THOSE WERE THE DAYS.
Today turned out better than the past few days had been going. I was in a little bit of a rut. Maybe it's the looming gray skies and knowing that winter is around the corner (curse you, S.A.D.!!)
Or maybe it's the ongoing drama in my workplace: struggling to model ethical behaviour and strong character for kids while the bureaucracy in charge is anything BUT ethical. Sucks. Morale is at an all-time low and the negativity is as contagious as bird flu. I dunno. I had a quasi meltdown this morning and vented to the gym teacher. I found odd comfort in the fact that he's been feeling the same way these days. Maybe I'm not a depressive basket case after all? Maybe.
One of the kids cracked me up in lessons today. I asked the flutes, "Any of you know what 'syncopation' means in music?" And one girl replied, "No... but it sounds like 'constipation'. Is it like being constipated?" She then proceeded to demonstrate what a constipated flute might sound like. It's moments like these that remind me why I love my job.

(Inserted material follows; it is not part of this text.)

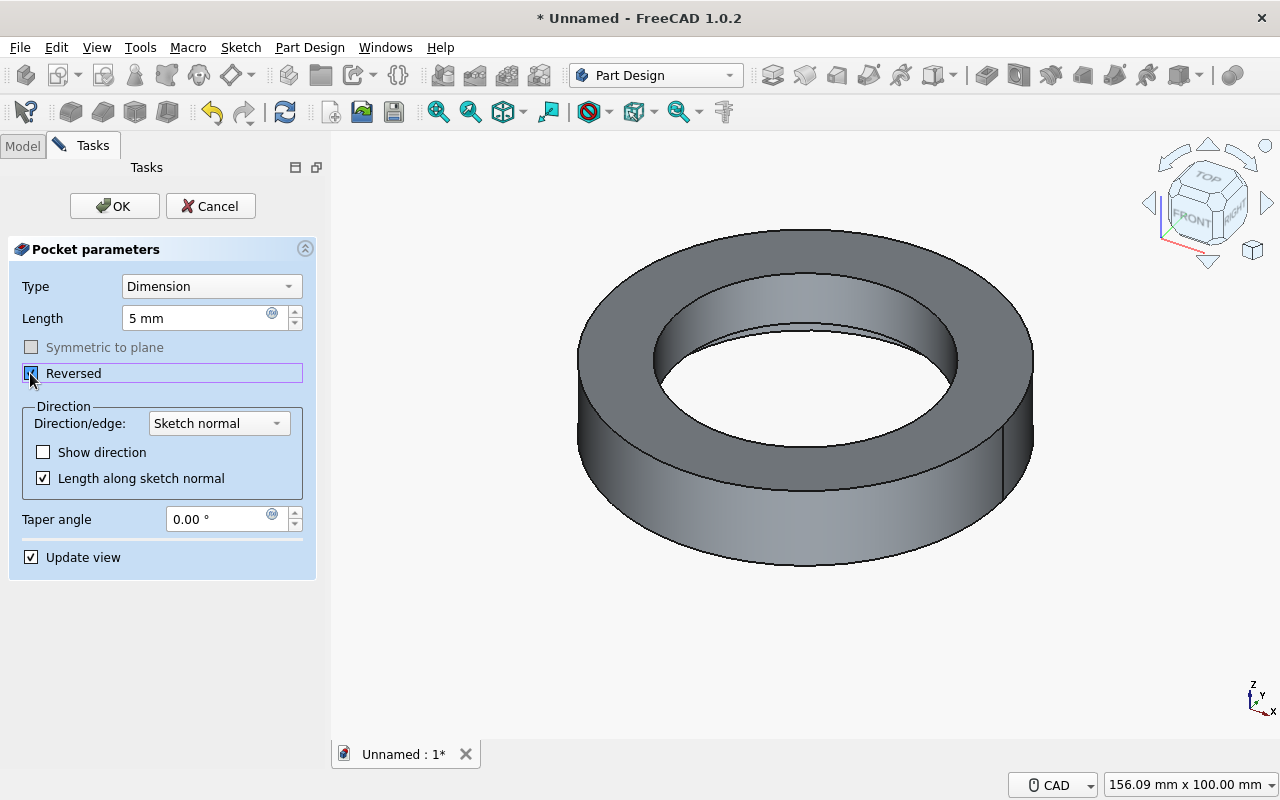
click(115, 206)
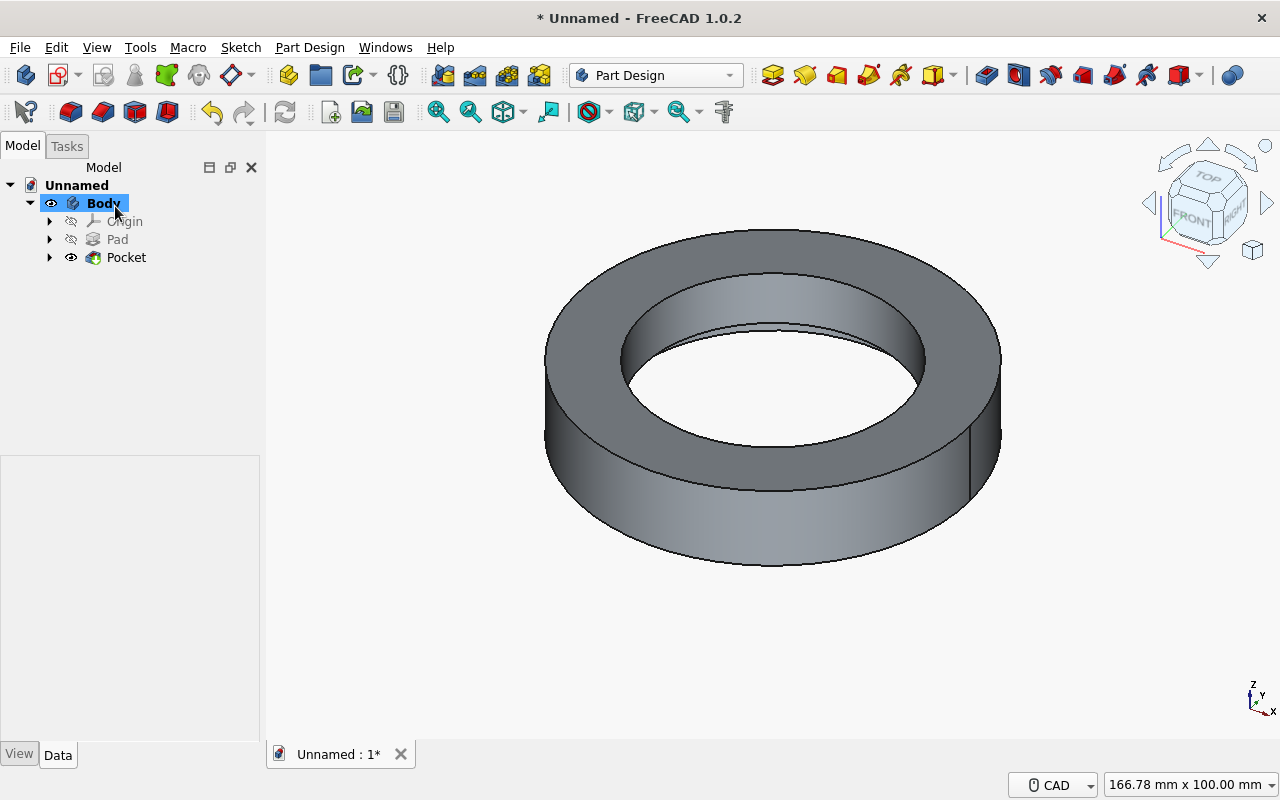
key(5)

After school, I went to the movies with my Mom. They just opened a HUUUGE 16-theatre mega-plex in my town and were showing movies for free today, so we saw "The Devil Wears Prada."
It's so great to have a theatre again. We used to have two: the "Inner 6" (inside our mall) and the "Outer 6" (outside the mall). When I was in high school, all of us band geeks worked at the Outer 6. We had so much fun, but I always thought the managers were a little stupid in hiring us. Whenever we had a football game, band competition or trip - no one could work. Then they'd get mad.
I went into the bathroom during the movie today and as I was sitting in one of the 25 toilet stalls, I thought back to the days of our crappy little Outer 6 and all the fun we had. Being a kid was so much fun. I find myself constantly telling my students to "enjoy these days - make the most of them," and wishing - if only for a few days - to be there again myself.